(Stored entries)
══════════

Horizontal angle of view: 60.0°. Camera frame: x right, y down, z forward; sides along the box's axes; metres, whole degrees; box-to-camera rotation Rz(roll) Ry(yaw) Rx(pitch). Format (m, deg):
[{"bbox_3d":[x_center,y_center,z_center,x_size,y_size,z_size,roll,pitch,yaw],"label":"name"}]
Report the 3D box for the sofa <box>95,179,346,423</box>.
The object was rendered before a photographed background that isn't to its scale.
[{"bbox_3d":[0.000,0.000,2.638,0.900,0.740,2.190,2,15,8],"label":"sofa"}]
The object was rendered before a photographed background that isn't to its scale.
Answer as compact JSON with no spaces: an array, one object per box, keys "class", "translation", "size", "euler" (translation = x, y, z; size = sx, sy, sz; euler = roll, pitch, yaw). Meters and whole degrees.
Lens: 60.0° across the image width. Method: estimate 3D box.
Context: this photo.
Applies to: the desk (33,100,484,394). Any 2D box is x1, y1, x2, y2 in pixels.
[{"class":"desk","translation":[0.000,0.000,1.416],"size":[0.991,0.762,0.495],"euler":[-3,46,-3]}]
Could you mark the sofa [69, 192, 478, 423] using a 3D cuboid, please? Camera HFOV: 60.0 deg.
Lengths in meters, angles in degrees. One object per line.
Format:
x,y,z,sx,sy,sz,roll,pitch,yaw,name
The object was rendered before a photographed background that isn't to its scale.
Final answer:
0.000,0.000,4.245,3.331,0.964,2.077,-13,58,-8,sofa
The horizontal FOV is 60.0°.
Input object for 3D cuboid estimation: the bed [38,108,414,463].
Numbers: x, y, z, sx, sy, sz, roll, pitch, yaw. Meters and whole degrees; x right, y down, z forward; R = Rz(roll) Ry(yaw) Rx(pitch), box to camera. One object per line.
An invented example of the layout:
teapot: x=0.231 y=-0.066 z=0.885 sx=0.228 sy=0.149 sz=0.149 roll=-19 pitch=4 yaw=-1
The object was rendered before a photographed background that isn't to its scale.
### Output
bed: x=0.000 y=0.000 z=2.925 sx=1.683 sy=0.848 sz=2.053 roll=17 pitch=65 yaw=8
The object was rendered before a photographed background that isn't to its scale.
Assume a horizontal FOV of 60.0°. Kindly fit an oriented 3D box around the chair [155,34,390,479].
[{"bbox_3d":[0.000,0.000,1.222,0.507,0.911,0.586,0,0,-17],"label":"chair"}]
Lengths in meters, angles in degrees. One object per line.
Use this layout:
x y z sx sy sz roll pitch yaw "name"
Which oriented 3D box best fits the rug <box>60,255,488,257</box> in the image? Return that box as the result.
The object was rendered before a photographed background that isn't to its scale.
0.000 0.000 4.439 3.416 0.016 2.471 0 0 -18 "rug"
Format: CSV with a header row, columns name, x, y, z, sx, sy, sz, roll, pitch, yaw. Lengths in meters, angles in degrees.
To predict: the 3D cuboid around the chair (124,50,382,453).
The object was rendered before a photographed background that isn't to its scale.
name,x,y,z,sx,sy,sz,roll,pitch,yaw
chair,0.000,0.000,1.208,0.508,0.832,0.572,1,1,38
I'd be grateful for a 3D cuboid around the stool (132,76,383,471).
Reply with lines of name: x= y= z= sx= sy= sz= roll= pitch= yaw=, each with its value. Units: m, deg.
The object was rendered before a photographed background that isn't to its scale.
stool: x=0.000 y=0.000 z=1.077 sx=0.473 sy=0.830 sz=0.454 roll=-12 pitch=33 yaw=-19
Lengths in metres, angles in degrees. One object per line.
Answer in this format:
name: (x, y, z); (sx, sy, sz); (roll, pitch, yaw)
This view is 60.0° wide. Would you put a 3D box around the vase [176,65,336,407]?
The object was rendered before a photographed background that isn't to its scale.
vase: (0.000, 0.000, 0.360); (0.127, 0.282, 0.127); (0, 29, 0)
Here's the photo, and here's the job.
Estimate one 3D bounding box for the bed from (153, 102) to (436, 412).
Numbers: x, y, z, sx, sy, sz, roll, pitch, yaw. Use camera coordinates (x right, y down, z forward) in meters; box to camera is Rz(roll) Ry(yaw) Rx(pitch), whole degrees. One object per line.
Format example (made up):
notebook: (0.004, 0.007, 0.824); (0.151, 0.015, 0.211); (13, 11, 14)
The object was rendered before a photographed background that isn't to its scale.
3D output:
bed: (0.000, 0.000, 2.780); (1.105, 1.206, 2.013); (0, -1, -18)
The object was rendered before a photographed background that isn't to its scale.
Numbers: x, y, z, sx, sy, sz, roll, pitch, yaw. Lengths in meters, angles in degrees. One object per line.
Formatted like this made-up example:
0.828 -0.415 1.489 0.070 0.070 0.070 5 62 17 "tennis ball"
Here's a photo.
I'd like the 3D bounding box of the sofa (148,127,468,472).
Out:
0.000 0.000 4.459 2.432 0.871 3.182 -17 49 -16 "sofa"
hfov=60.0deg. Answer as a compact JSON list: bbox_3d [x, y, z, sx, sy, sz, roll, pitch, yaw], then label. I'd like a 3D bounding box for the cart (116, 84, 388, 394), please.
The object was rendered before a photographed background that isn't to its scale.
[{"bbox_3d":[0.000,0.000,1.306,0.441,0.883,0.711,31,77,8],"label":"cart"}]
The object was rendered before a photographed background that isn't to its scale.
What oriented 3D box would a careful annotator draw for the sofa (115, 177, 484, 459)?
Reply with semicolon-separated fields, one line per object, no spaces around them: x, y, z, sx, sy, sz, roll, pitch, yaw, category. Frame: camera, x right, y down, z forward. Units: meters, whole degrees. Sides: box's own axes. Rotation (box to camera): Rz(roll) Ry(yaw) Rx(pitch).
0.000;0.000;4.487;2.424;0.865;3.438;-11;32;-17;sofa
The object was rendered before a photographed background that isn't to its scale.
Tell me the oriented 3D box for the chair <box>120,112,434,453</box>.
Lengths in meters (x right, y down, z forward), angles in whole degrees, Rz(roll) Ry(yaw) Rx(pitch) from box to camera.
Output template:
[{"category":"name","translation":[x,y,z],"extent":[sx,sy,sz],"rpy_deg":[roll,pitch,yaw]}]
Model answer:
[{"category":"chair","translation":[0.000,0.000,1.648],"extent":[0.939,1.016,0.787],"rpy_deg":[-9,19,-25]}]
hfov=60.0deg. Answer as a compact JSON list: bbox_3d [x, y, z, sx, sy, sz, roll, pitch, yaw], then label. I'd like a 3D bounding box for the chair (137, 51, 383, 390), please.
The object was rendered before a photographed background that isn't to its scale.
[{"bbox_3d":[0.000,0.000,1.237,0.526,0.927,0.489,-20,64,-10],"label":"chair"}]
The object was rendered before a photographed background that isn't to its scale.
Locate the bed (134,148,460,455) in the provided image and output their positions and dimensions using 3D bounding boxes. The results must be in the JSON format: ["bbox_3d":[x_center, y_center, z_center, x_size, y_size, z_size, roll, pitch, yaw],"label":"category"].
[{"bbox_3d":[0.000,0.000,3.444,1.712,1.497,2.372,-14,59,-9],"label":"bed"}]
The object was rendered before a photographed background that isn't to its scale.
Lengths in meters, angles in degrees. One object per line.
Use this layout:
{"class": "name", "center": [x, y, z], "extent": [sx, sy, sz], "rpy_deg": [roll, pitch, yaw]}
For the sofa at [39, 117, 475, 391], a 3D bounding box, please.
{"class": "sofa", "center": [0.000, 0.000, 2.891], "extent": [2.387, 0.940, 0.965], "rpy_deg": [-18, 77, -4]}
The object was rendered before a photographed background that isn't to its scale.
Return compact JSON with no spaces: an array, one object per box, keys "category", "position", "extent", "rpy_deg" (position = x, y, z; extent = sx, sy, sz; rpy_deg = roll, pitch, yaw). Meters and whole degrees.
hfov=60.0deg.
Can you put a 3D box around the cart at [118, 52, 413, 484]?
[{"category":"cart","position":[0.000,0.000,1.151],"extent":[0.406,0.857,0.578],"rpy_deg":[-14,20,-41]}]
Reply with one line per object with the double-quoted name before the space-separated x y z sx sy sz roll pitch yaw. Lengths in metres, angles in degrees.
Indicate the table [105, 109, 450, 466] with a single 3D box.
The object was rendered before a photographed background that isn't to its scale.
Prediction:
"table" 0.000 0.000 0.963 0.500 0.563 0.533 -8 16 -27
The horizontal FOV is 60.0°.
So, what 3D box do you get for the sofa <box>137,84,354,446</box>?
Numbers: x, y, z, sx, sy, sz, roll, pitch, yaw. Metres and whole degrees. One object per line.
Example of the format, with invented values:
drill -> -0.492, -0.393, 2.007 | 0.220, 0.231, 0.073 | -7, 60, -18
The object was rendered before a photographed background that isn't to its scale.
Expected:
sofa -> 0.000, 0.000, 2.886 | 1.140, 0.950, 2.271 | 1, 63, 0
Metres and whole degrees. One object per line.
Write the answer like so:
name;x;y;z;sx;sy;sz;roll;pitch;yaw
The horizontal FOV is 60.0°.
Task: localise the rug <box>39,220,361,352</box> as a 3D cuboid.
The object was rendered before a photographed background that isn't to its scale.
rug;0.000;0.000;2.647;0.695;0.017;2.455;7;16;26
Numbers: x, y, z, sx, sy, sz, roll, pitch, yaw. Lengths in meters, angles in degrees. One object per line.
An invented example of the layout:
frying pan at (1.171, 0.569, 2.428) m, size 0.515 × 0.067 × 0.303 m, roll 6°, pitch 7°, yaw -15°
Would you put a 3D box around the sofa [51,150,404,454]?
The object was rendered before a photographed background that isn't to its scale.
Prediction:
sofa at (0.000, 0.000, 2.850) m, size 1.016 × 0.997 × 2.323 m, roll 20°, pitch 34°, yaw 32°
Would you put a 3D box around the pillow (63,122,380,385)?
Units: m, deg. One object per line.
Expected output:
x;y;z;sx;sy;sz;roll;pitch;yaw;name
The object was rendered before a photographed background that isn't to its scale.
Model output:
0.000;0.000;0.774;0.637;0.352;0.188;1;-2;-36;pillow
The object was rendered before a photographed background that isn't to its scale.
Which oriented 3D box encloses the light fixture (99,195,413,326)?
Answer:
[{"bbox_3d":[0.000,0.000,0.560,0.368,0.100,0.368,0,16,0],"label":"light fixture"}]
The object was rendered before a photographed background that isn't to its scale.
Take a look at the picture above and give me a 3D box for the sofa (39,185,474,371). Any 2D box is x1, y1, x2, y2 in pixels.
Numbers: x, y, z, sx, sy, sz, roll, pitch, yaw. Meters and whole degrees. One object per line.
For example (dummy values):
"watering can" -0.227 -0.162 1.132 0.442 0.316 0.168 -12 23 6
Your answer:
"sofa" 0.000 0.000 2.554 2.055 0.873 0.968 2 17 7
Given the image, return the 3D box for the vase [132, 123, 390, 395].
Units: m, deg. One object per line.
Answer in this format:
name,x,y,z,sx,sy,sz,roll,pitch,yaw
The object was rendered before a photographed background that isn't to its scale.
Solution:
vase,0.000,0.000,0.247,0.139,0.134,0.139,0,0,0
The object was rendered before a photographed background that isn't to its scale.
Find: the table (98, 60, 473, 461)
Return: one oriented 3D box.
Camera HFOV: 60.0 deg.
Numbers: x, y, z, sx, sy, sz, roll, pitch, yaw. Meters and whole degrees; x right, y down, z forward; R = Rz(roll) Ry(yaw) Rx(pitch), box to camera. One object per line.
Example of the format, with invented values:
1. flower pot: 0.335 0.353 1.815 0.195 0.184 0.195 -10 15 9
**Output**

══════════

### [To do]
The first line of the records and every line down to the line with "Context: this photo." must be quoted exactly; leave out all else.

### [Answer]
Horizontal angle of view: 60.0°. Camera frame: x right, y down, z forward; sides along the box's axes; metres, whole degrees; box-to-camera rotation Rz(roll) Ry(yaw) Rx(pitch). Format (m, deg):
[{"bbox_3d":[x_center,y_center,z_center,x_size,y_size,z_size,roll,pitch,yaw],"label":"name"}]
Report the 3D box for the sofa <box>95,179,346,423</box>.
The object was rendered before a photographed background that isn't to its scale.
[{"bbox_3d":[0.000,0.000,2.638,0.900,0.740,2.190,2,15,8],"label":"sofa"}]
The object was rendered before a photographed background that isn't to its scale.
Answer as compact JSON with no spaces: an array, one object per box, keys "class", "translation", "size", "euler" (translation = x, y, z; size = sx, sy, sz; euler = roll, pitch, yaw). Meters and whole degrees.
Lens: 60.0° across the image width. Method: estimate 3D box.
Context: this photo.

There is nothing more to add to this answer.